%%

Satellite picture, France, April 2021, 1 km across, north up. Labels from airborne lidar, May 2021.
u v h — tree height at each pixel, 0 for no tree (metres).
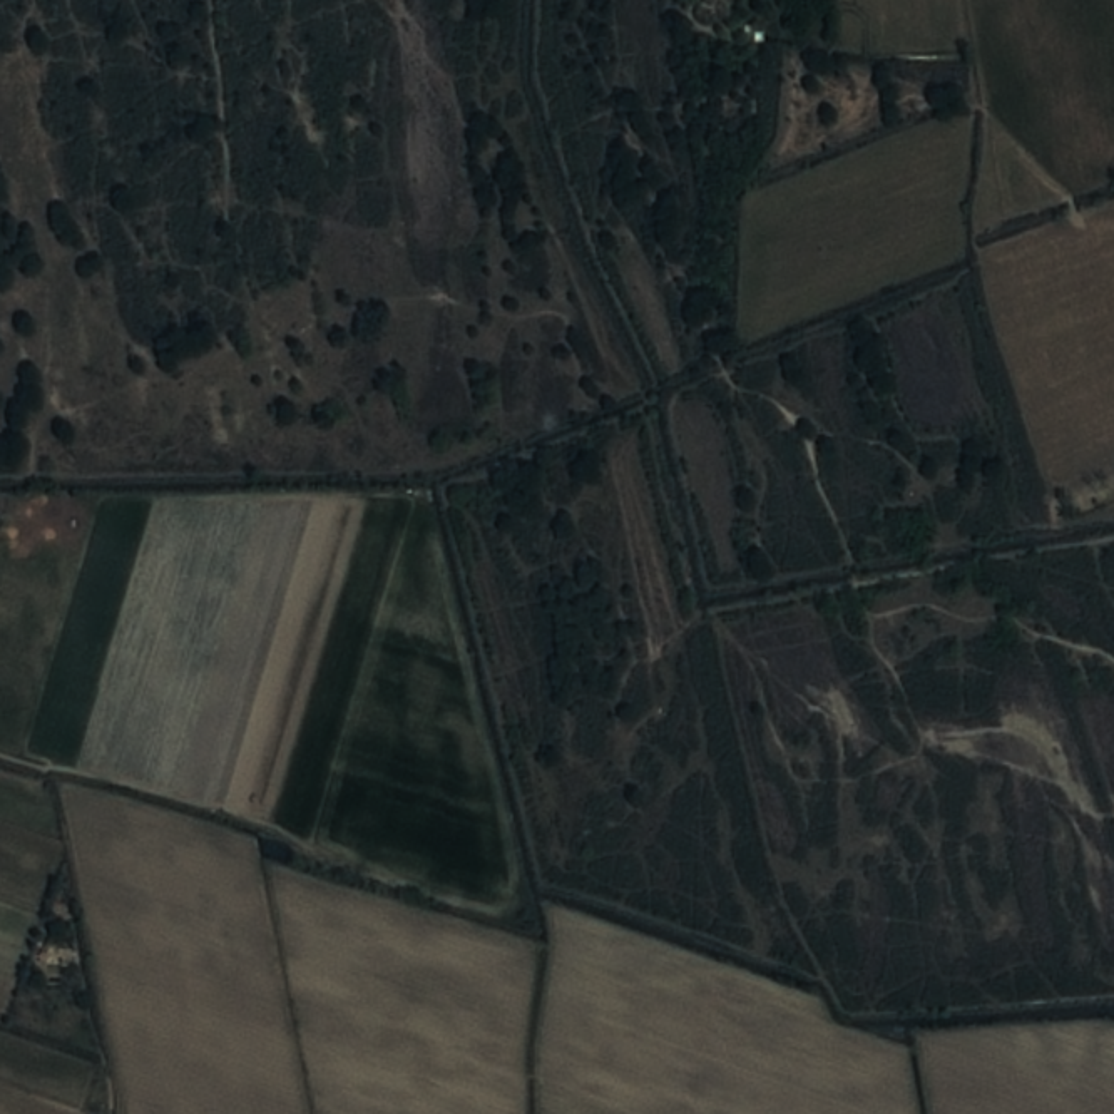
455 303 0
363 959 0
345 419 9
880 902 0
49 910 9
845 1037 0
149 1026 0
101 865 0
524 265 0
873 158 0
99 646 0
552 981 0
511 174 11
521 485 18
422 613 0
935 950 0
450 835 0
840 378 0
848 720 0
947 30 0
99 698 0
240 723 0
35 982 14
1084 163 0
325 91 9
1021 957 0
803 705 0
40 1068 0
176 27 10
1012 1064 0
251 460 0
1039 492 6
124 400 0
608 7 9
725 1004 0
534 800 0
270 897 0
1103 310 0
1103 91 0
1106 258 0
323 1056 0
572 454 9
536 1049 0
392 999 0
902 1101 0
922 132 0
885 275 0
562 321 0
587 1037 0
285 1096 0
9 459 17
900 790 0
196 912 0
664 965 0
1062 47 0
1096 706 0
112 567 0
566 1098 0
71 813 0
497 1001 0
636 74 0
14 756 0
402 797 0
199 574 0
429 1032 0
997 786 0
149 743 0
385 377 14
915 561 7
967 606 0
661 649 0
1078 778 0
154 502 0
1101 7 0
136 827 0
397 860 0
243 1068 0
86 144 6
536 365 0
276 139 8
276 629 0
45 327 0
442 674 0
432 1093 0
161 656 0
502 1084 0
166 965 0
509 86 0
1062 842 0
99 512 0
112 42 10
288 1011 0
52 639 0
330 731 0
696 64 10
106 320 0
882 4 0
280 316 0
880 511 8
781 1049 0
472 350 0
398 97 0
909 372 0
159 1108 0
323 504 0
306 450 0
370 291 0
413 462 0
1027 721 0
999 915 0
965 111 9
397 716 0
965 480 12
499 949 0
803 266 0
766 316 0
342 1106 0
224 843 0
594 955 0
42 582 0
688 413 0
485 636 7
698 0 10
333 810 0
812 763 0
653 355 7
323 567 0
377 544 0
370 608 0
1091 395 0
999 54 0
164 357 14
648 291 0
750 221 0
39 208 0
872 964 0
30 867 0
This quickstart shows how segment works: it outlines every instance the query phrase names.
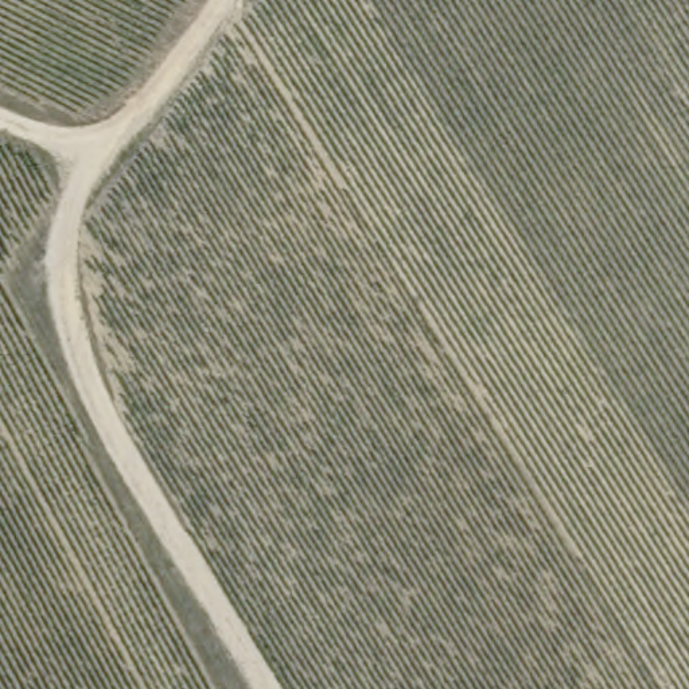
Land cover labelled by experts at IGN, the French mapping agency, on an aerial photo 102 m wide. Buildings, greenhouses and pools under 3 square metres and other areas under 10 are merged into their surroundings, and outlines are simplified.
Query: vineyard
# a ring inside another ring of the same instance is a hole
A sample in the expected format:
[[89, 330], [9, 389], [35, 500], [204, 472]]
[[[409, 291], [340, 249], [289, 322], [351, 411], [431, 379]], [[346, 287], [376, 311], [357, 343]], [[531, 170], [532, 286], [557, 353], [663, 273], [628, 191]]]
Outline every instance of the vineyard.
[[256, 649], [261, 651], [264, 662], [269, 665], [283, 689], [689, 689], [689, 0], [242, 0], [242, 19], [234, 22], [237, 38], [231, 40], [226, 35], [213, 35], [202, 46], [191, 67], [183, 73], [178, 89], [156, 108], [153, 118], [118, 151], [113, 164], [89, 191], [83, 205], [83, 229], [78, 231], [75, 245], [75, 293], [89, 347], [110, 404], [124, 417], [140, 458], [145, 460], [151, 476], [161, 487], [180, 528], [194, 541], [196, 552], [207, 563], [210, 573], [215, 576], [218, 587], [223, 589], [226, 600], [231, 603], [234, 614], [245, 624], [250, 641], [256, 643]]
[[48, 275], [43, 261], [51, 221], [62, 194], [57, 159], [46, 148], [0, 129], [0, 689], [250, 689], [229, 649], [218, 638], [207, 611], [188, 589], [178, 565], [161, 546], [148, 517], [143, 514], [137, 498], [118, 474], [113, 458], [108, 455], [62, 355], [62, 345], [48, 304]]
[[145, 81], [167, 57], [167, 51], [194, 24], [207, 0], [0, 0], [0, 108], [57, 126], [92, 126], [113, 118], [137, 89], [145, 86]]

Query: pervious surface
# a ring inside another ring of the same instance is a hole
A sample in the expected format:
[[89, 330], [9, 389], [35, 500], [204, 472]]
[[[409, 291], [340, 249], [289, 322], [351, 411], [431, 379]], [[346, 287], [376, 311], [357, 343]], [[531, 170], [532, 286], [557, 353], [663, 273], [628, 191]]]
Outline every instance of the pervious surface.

%%
%%

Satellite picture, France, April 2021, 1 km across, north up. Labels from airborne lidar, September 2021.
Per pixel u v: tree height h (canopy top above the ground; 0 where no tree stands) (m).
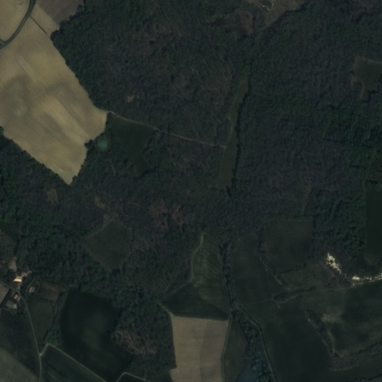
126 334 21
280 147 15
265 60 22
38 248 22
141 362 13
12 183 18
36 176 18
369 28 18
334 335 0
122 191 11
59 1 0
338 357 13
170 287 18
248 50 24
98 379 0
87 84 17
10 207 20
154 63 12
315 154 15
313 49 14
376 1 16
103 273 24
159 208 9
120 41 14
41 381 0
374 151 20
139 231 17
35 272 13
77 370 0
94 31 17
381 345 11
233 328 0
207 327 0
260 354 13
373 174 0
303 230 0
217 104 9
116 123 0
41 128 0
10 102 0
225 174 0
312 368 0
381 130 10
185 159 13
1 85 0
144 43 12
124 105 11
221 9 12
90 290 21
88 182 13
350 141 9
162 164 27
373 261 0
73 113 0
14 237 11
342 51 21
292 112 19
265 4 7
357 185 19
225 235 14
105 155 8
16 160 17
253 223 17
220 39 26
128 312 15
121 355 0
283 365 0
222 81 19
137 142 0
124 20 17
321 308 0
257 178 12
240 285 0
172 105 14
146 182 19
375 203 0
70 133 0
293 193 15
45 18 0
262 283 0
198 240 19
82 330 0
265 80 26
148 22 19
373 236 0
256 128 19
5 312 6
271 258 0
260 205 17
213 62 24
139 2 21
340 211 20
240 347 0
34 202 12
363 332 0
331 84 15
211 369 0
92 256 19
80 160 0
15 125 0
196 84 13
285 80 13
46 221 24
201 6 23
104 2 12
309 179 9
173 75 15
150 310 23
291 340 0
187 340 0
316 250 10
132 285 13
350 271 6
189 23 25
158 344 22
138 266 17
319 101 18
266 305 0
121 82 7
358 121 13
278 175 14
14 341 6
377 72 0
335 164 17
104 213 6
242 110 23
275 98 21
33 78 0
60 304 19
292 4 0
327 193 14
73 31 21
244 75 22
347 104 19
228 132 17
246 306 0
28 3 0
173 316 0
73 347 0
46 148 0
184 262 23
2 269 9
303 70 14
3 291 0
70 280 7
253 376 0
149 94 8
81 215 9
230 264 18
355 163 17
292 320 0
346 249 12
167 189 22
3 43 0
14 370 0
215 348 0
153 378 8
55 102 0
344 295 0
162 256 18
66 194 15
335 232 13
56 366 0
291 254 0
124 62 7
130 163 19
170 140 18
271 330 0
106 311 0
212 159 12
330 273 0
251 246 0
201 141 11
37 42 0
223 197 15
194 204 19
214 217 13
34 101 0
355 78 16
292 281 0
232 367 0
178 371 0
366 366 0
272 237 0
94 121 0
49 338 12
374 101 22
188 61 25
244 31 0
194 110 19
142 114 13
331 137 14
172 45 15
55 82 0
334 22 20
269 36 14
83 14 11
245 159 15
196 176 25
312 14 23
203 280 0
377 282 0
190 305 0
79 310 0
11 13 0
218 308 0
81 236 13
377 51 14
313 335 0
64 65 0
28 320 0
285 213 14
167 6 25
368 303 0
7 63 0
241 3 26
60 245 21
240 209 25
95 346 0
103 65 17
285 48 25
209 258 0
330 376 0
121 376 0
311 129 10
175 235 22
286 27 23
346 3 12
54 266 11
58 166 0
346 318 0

%%

Your reply should be one number: how many lines in the listing hold the word "pixel".

2